Такие сцены разыгрываются молниеносно. Я предполагаю, что они попадают к нам из вневременного пространства; потом мы более или менее удачно их истолковываем. Это напоминает те хлопушки, которые человек разворачивает в новогоднюю ночь, после того как вместе с подругой зажег их. В хлопушке он потом находит какое-нибудь изречение, из которого мало что может понять, древние примитивные толкователи сновидений были надежнее своих нынешних коллег.
Жизнь на касбе приводит к тому, что в сновидения прокрадываются эротические мотивы. Это объяснимо, но не более того. Живописец сказал бы: мотив — это еще не художественное произведение.
* * *
Моя служба нерегулярна: может пройти неделя, а бар так ни разу и не откроется. Он работает лишь тогда, когда присутствует Кондор. Наверное, Домо хочет воспрепятствовать тому, чтобы здесь образовался маленький кружок завсегдатаев.

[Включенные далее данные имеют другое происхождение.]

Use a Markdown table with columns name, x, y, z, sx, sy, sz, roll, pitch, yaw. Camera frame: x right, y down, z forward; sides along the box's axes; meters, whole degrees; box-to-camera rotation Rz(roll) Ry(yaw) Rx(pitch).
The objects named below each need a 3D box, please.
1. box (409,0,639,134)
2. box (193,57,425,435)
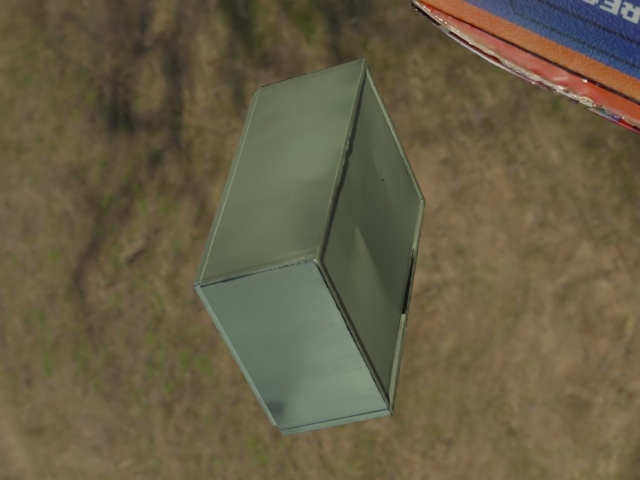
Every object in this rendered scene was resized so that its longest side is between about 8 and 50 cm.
| name | x | y | z | sx | sy | sz | roll | pitch | yaw |
| --- | --- | --- | --- | --- | --- | --- | --- | --- | --- |
| box | 0.304 | -0.267 | 1.154 | 0.318 | 0.348 | 0.257 | 29 | 125 | 21 |
| box | 0.000 | 0.000 | 0.973 | 0.225 | 0.086 | 0.129 | -77 | -32 | -52 |
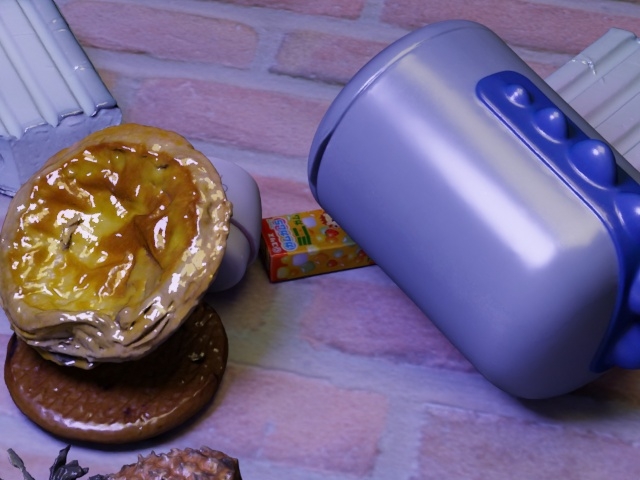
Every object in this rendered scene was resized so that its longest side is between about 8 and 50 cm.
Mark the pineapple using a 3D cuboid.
[{"bbox_3d":[-0.202,0.227,1.274,0.277,0.119,0.130,1,84,1],"label":"pineapple"}]

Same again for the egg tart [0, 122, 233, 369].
[{"bbox_3d":[-0.182,0.012,1.432,0.241,0.106,0.241,-9,62,18],"label":"egg tart"}]

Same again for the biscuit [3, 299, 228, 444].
[{"bbox_3d":[-0.187,0.109,1.464,0.212,0.036,0.212,1,42,-1],"label":"biscuit"}]

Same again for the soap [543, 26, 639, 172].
[{"bbox_3d":[0.301,-0.106,1.693,0.173,0.095,0.289,31,48,28],"label":"soap"}]

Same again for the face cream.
[{"bbox_3d":[-0.114,-0.015,1.545,0.117,0.117,0.104,8,56,7],"label":"face cream"}]

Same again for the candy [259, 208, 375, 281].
[{"bbox_3d":[0.000,0.000,1.598,0.122,0.038,0.062,-9,42,-14],"label":"candy"}]

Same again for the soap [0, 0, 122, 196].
[{"bbox_3d":[-0.322,-0.162,1.739,0.150,0.094,0.261,-19,46,-16],"label":"soap"}]

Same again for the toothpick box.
[{"bbox_3d":[0.180,-0.019,1.443,0.263,0.263,0.355,-25,58,-29],"label":"toothpick box"}]
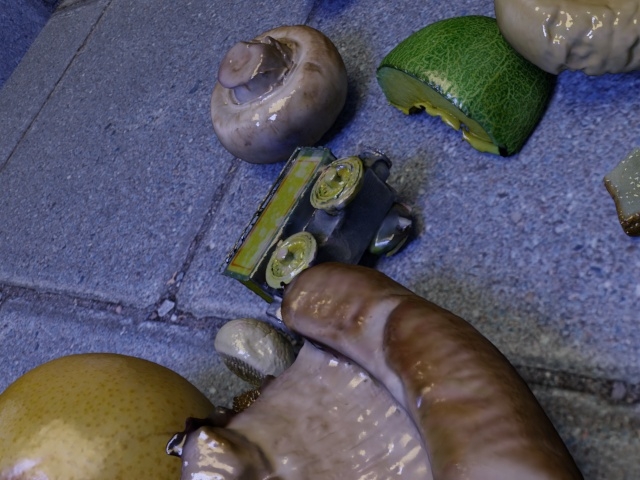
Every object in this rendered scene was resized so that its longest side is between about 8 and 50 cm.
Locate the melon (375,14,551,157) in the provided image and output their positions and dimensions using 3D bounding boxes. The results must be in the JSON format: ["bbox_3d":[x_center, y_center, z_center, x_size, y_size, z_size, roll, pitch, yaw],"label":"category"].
[{"bbox_3d":[0.188,-0.240,0.950,0.169,0.129,0.265,-47,39,-4],"label":"melon"}]

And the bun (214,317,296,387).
[{"bbox_3d":[-0.074,0.138,0.892,0.115,0.115,0.069,7,56,45],"label":"bun"}]

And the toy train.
[{"bbox_3d":[0.000,0.000,0.921,0.177,0.134,0.260,10,64,55],"label":"toy train"}]

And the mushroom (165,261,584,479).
[{"bbox_3d":[0.103,0.199,0.635,0.397,0.224,0.313,9,51,38],"label":"mushroom"}]

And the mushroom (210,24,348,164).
[{"bbox_3d":[-0.076,-0.236,1.141,0.255,0.184,0.254,-18,62,37],"label":"mushroom"}]

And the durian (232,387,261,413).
[{"bbox_3d":[-0.079,0.212,0.854,0.080,0.080,0.091,-50,51,-2],"label":"durian"}]

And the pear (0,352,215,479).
[{"bbox_3d":[-0.242,0.272,0.791,0.314,0.314,0.314,-24,45,26],"label":"pear"}]

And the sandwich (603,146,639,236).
[{"bbox_3d":[0.346,-0.059,0.728,0.105,0.036,0.093,-22,45,26],"label":"sandwich"}]

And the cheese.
[{"bbox_3d":[0.315,-0.286,0.841,0.214,0.117,0.225,-8,50,11],"label":"cheese"}]

Мокко подают и в кают-компании; сюда же часто заходят, только чтобы выпить стаканчик дижестива. Но бывает, что посиделки в баре затягиваются до рассвета. Мне это нравится: я не остаюсь без добычи. Закрыв и запечатав бар, я у себя наверху, за бокалом вина, расшифровываю собственные каракули, сделанные световым карандашом, и думаю об услышанных разговорах.

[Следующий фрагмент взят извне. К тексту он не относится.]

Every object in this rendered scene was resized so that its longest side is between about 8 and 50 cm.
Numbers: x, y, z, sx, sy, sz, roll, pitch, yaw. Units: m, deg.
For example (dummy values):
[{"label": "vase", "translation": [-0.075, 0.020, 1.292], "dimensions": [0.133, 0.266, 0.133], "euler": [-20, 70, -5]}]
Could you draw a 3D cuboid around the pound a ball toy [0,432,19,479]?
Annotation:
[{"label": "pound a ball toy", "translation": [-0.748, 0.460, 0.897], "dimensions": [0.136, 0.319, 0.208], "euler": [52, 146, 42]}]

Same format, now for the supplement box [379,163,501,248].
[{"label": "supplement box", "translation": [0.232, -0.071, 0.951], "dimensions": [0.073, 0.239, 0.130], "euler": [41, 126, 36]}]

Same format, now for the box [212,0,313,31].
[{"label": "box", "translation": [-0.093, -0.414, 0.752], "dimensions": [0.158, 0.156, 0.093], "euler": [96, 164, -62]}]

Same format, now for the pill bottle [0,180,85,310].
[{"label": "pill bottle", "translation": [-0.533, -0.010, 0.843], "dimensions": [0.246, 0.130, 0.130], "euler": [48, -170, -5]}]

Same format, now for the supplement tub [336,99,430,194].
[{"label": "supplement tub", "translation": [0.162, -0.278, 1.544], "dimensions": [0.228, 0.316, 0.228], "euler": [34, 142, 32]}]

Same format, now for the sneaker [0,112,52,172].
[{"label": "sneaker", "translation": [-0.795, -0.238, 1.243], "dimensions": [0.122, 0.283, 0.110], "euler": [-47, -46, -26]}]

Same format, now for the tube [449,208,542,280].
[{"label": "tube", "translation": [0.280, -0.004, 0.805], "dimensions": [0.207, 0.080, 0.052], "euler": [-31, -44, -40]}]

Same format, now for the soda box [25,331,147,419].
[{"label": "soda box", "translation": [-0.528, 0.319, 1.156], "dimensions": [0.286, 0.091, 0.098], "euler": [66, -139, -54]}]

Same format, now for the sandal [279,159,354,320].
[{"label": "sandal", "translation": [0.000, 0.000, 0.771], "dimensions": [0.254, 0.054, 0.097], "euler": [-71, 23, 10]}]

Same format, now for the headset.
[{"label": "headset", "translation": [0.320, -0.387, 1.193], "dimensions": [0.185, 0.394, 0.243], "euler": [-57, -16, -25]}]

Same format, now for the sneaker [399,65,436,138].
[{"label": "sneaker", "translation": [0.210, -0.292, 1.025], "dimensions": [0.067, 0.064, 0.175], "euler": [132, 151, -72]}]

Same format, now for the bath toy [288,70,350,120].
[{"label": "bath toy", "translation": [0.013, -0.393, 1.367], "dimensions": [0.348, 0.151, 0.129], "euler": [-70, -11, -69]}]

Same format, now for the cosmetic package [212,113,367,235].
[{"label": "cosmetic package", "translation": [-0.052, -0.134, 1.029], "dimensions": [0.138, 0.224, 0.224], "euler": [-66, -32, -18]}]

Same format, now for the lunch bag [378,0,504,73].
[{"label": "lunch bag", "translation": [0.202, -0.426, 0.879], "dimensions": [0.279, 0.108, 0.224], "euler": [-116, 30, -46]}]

На службе я не беру в рот ни капли спиртного, Даже когда Кондор, пребывая в хорошем расположении духа, настоятельно просит меня. Не пью я и воду, даже если испытываю жажду. Я вообще «не прикасаюсь к рюмке», кроме тех случаев, когда обслуживаю гостей; так происходит по целому ряду причин, но прежде всего потому, что я очень тщательно слежу за точностью своей речи. А вот другие в этом смысле небрежны: к примеру, они говорят «я сплю с ней», имея в виду все что угодно, но не сон.

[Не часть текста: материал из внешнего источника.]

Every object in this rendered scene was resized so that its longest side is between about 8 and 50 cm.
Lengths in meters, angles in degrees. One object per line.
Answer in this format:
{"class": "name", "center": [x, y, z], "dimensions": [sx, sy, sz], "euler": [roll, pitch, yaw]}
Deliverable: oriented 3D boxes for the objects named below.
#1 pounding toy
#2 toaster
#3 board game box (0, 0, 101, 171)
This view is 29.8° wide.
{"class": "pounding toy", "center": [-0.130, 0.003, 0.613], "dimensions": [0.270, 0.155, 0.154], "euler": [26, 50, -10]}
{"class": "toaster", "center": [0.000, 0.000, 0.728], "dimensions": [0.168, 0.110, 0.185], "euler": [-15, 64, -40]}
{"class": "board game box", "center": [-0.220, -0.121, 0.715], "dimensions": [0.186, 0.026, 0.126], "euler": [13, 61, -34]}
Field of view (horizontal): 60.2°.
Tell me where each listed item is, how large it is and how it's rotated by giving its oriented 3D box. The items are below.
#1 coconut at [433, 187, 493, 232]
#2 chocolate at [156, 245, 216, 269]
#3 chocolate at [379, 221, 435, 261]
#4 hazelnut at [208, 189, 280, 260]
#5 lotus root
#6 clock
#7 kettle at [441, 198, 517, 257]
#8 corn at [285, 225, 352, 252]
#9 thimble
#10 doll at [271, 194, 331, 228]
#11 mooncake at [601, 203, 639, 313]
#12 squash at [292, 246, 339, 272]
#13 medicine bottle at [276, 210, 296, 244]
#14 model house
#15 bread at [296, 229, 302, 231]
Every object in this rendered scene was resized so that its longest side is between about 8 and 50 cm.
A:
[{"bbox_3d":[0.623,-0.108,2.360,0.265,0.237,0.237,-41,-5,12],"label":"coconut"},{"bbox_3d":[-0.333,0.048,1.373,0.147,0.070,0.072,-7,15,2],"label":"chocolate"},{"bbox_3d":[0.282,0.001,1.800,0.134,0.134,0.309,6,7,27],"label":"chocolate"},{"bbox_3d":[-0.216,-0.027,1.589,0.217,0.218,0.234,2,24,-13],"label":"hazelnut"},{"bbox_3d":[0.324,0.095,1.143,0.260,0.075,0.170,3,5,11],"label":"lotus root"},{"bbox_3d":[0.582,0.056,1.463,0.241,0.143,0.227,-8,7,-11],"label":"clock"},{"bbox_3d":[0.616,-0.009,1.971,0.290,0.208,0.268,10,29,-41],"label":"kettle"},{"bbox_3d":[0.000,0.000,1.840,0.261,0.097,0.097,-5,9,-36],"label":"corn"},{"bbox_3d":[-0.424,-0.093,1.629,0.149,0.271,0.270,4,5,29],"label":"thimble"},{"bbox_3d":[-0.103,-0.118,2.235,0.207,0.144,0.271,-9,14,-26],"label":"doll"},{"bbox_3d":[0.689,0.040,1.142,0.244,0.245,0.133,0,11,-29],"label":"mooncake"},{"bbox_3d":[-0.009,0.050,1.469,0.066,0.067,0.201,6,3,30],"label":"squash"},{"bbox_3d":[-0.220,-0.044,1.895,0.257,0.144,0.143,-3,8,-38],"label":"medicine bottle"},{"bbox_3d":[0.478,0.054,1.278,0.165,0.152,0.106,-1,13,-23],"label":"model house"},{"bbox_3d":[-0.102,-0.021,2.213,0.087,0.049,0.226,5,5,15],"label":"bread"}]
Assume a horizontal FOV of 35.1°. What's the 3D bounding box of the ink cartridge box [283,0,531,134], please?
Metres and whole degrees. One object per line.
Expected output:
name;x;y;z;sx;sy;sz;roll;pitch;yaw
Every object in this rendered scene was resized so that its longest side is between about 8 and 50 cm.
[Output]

В этом отношении я похож на Домо, который тоже, как уже отмечалось, придает большое значение умению точно выражать свои мысли. Я вижу, как он одобрительно кивает, заметив, что я дал достойный ответ самому Кондору, — — — да, на меня можно положиться. Говорю это без всякой иронии.
* * *
Поздно ложась спать, я и встаю поздно: день принадлежит мне. Солнце уже вовсю пропекает касбу; воздух дрожит над молочайными зарослями. Если охладительные приборы не включены, становится жарко. Обычно я включаю их, только когда хочу поработать. Впрочем, техника эта ненадежна, хотя в нашем распоряжении целый штат электриков и других рабочих. Мне порой кажется, что техника, как во сне, то будто сама собой налаживается, то портится, и никто не торопится ее починить. Во всяком случае, ее уже не воспринимают так серьезно, как раньше; и даже Домо, похоже, предпочитает заботиться о juste milieu[222], а не о техническом совершенстве.